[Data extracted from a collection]
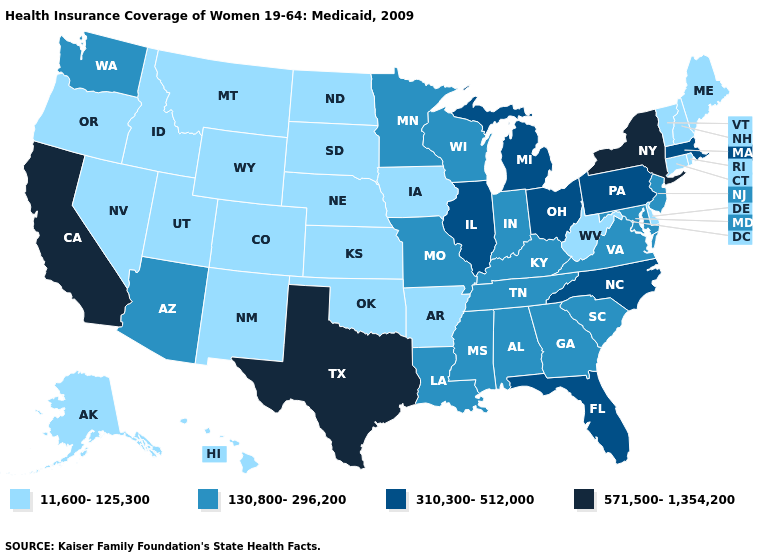What is the value of Indiana?
Write a very short answer. 130,800-296,200. What is the highest value in states that border Washington?
Answer briefly. 11,600-125,300. What is the lowest value in the MidWest?
Keep it brief. 11,600-125,300. What is the lowest value in the USA?
Answer briefly. 11,600-125,300. Name the states that have a value in the range 310,300-512,000?
Write a very short answer. Florida, Illinois, Massachusetts, Michigan, North Carolina, Ohio, Pennsylvania. Does Virginia have a higher value than Connecticut?
Give a very brief answer. Yes. Does Wisconsin have the lowest value in the USA?
Keep it brief. No. What is the highest value in the South ?
Short answer required. 571,500-1,354,200. What is the value of Rhode Island?
Give a very brief answer. 11,600-125,300. Does Connecticut have the same value as Colorado?
Be succinct. Yes. Name the states that have a value in the range 310,300-512,000?
Give a very brief answer. Florida, Illinois, Massachusetts, Michigan, North Carolina, Ohio, Pennsylvania. Which states hav the highest value in the South?
Be succinct. Texas. What is the highest value in the USA?
Be succinct. 571,500-1,354,200. Name the states that have a value in the range 130,800-296,200?
Give a very brief answer. Alabama, Arizona, Georgia, Indiana, Kentucky, Louisiana, Maryland, Minnesota, Mississippi, Missouri, New Jersey, South Carolina, Tennessee, Virginia, Washington, Wisconsin. What is the value of Delaware?
Concise answer only. 11,600-125,300.

### DIRECTIONS FOR THIS TASK
Write out exactly the lines that fall from the line with "Be succinct. 571,500-1,354,200." to the line with "value of Delaware?" in the records above, keeping both ends.

### FINISHED TASK
Be succinct. 571,500-1,354,200. Name the states that have a value in the range 130,800-296,200?
Give a very brief answer. Alabama, Arizona, Georgia, Indiana, Kentucky, Louisiana, Maryland, Minnesota, Mississippi, Missouri, New Jersey, South Carolina, Tennessee, Virginia, Washington, Wisconsin. What is the value of Delaware?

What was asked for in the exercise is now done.